DPP BIAS Indonesia Resmi Layangkan Surat Permohonan Audiensi ke Disporabudpar Kabupaten Tangerang -

DPP BIAS Indonesia Resmi Layangkan Surat Permohonan Audiensi ke Disporabudpar Kabupaten Tangerang

0

 

Tangerang |Suaralintasindonesia.com  – ewan Pimpinan Pusat Badan Independent Anti Suap Indonesia (DPP BIAS Indonesia) secara resmi melayangkan surat permohonan audiensi kepada Dinas Pemuda, Olahraga, Kebudayaan dan Pariwisata (Disporabudpar) Kabupaten Tangerang pada Kamis, 9 Oktober 2025.

Surat bernomor 289/SPA/HAD-NON LIT/DPP-BIAS/TNG/X/2025 tersebut berisi permohonan pertemuan resmi untuk membahas dan memperoleh klarifikasi terhadap sejumlah alokasi anggaran APBD Tahun 2025 di lingkungan Disporabudpar Kabupaten Tangerang.

Ketua Umum DPP BIAS Indonesia, Eky Amartin, menyampaikan bahwa permohonan audiensi tersebut merupakan bagian dari peran lembaganya dalam memastikan transparansi dan akuntabilitas pengelolaan anggaran publik di sektor kepemudaan, kebudayaan, dan pariwisata daerah.

“Kami ingin memastikan bahwa setiap rupiah yang dialokasikan dari APBD benar-benar digunakan untuk kepentingan masyarakat, bukan sekadar angka di atas kertas,” tegas Eky Amartin.

Dalam surat tersebut, DPP BIAS Indonesia secara rinci menyoroti beberapa kegiatan dengan nilai anggaran yang cukup besar, antara lain:

Pembinaan dan Pengembangan Olahragawan Berprestasi Kabupaten/Kota. Pemusatan Latihan Daerah (Pelatda) terintegrasi dengan Sport Science. Koordinasi dan Penyelenggaraan Pengembangan Kepemimpinan Pemuda. Pelindungan, Pengembangan, dan Pemanfaatan Objek Pemajuan Kebudayaan. Pembinaan SDM dan Lembaga Kebudayaan. Pemberdayaan dan Pembinaan Masyarakat untuk Pengembangan Pariwisata. Fasilitasi Kegiatan Pemasaran Pariwisata Dalam dan Luar Negeri. Penguatan Promosi Melalui Media Cetak, Elektronik, dan Media Lainnya.

DPP BIAS Indonesia menilai penting adanya keterbukaan informasi publik terhadap rincian program dan pelaksanaan kegiatan yang dibiayai dari APBD tersebut, agar tidak terjadi potensi penyimpangan dan agar masyarakat dapat menilai langsung manfaatnya.

Permohonan audiensi ini juga disertai dasar hukum yang kuat, mengacu pada Undang-Undang Nomor 14 Tahun 2008 tentang Keterbukaan Informasi Publik, Undang-Undang Nomor 17 Tahun 2013 tentang Organisasi Kemasyarakatan, serta sejumlah peraturan pemerintah dan peraturan menteri terkait partisipasi masyarakat dalam pengawasan pengelolaan anggaran daerah.

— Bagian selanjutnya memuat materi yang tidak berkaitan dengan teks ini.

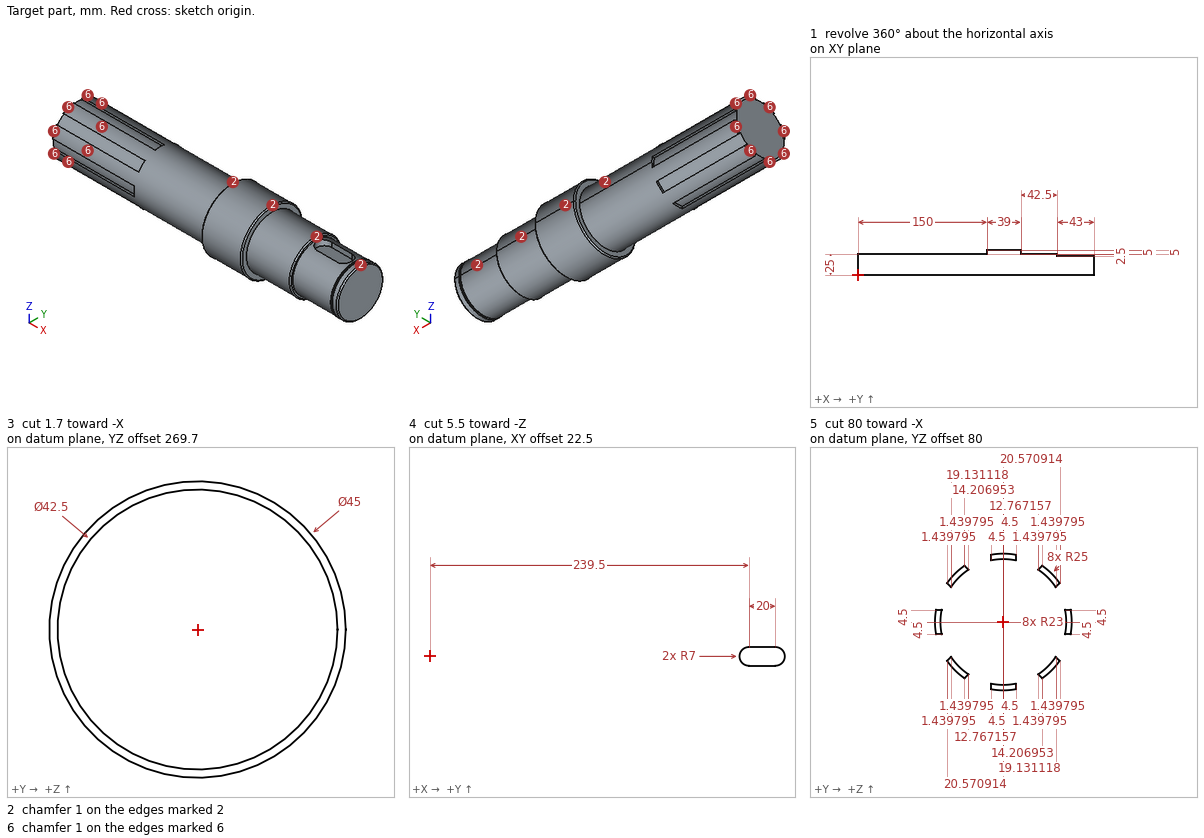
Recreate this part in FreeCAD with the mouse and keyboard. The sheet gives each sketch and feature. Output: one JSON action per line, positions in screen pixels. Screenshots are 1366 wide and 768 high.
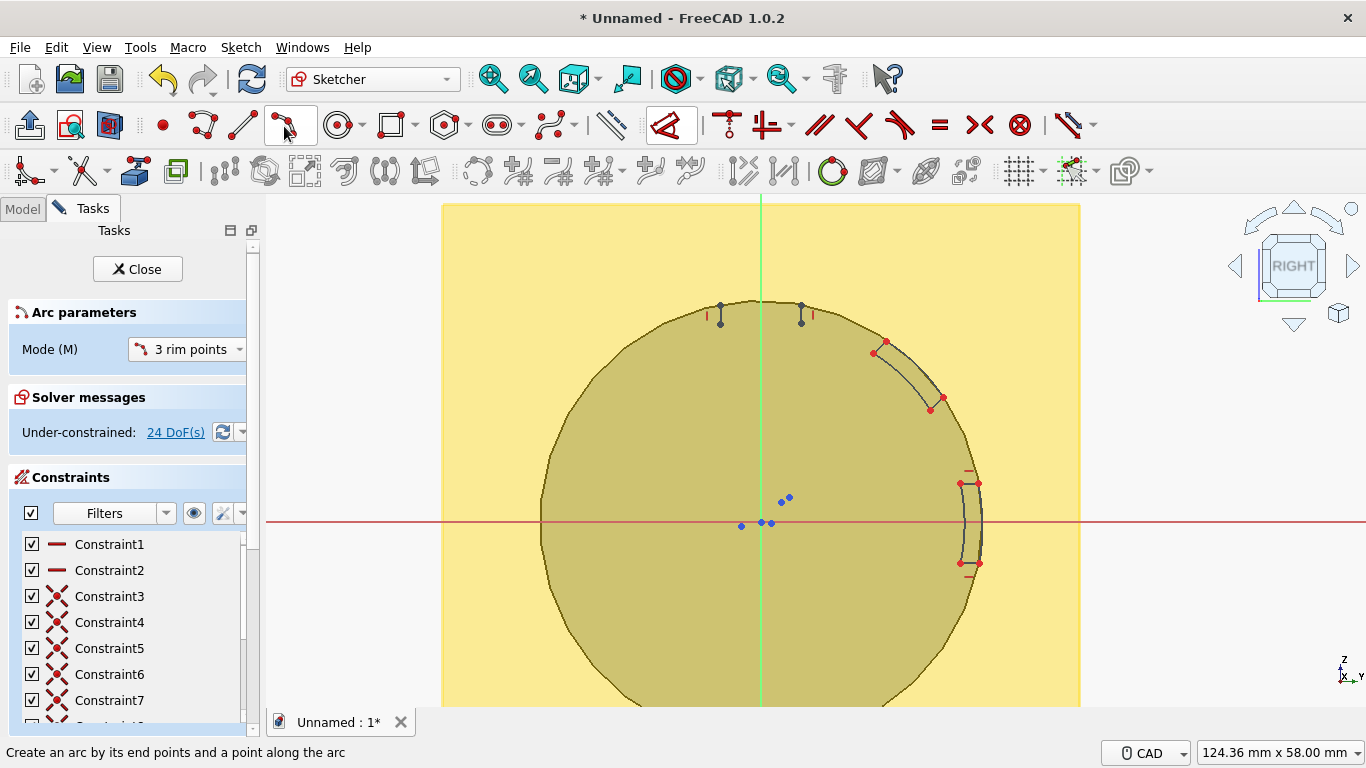
{"action": "scroll", "coordinate": [721, 305], "scroll_direction": "up", "scroll_amount": 3}
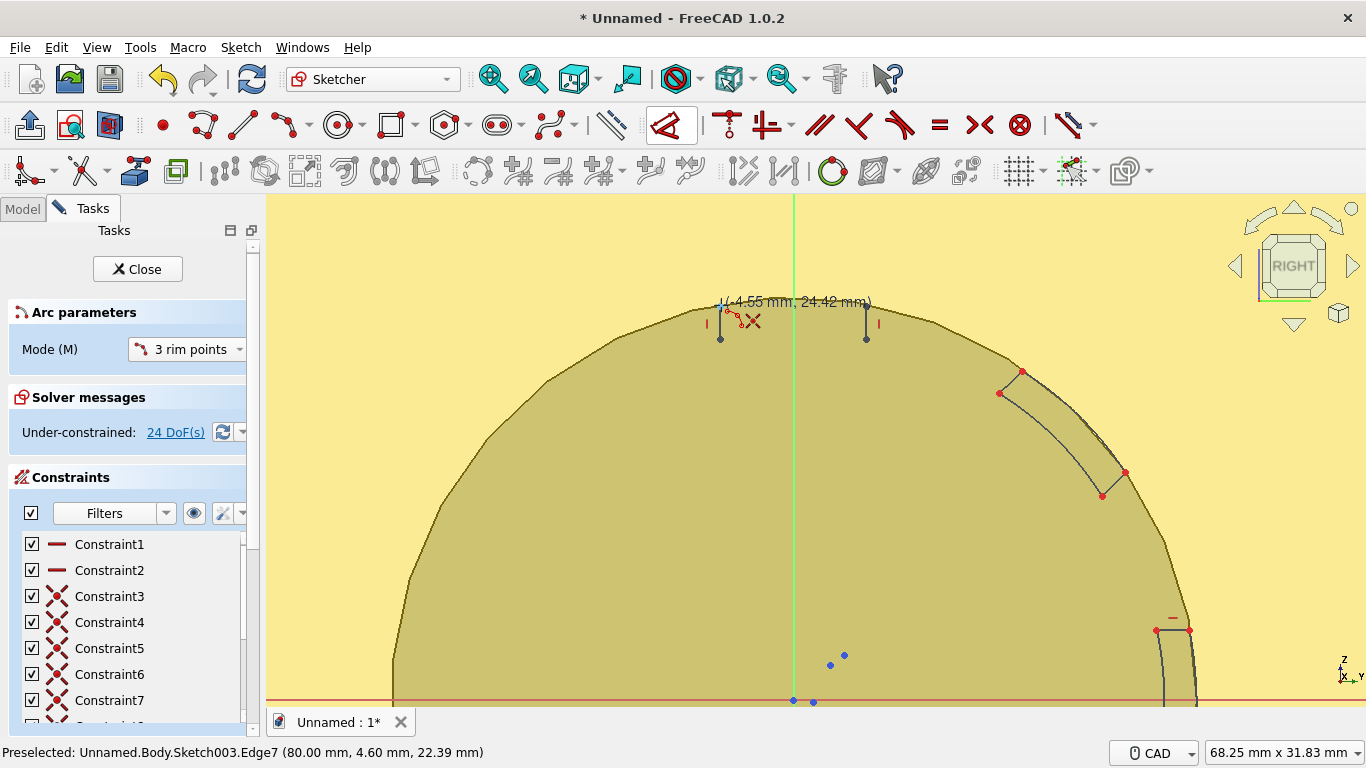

Sekretaris Jenderal DPP BIAS Indonesia, R. Indra Wirasumitra, menambahkan bahwa lembaganya tidak bermaksud mengintervensi teknis pelaksanaan kegiatan, melainkan mendorong transparansi dan efektivitas penggunaan anggaran publik.

BACA JUGA :

https://suaralintasindonesia.com/2025/10/09/kasus-dugaan-pelanggaran-perlindungan-konsumen-oleh-pt-bangun-prima-cipta-terus-bergulir-saksi-kedua-diperiksa-polresta-tangerang/

“Audiensi ini diharapkan menjadi ruang dialog terbuka dan konstruktif antara masyarakat dan pemerintah daerah. Kami ingin memastikan bahwa pengelolaan anggaran publik di Kabupaten Tangerang berjalan dengan prinsip akuntabilitas dan integritas,” ujar Indra Wirasumitra.

Surat tersebut juga ditembuskan kepada Bupati Kabupaten Tangerang dan Ketua DPRD Kabupaten Tangerang sebagai bentuk laporan dan pengawasan publik.

DPP BIAS Indonesia berharap Pemerintah Kabupaten Tangerang, khususnya Disporabudpar, dapat menanggapi permohonan audiensi tersebut secara terbuka dan menjadwalkan pertemuan resmi dalam waktu dekat.

 

Diterbitkan Oleh : PT. Media Suara Lintas Indonesia Group.

 

Tinggalkan Balasan

Alamat email Anda tidak akan dipublikasikan. Ruas yang wajib ditandai *

error: Content is protected !!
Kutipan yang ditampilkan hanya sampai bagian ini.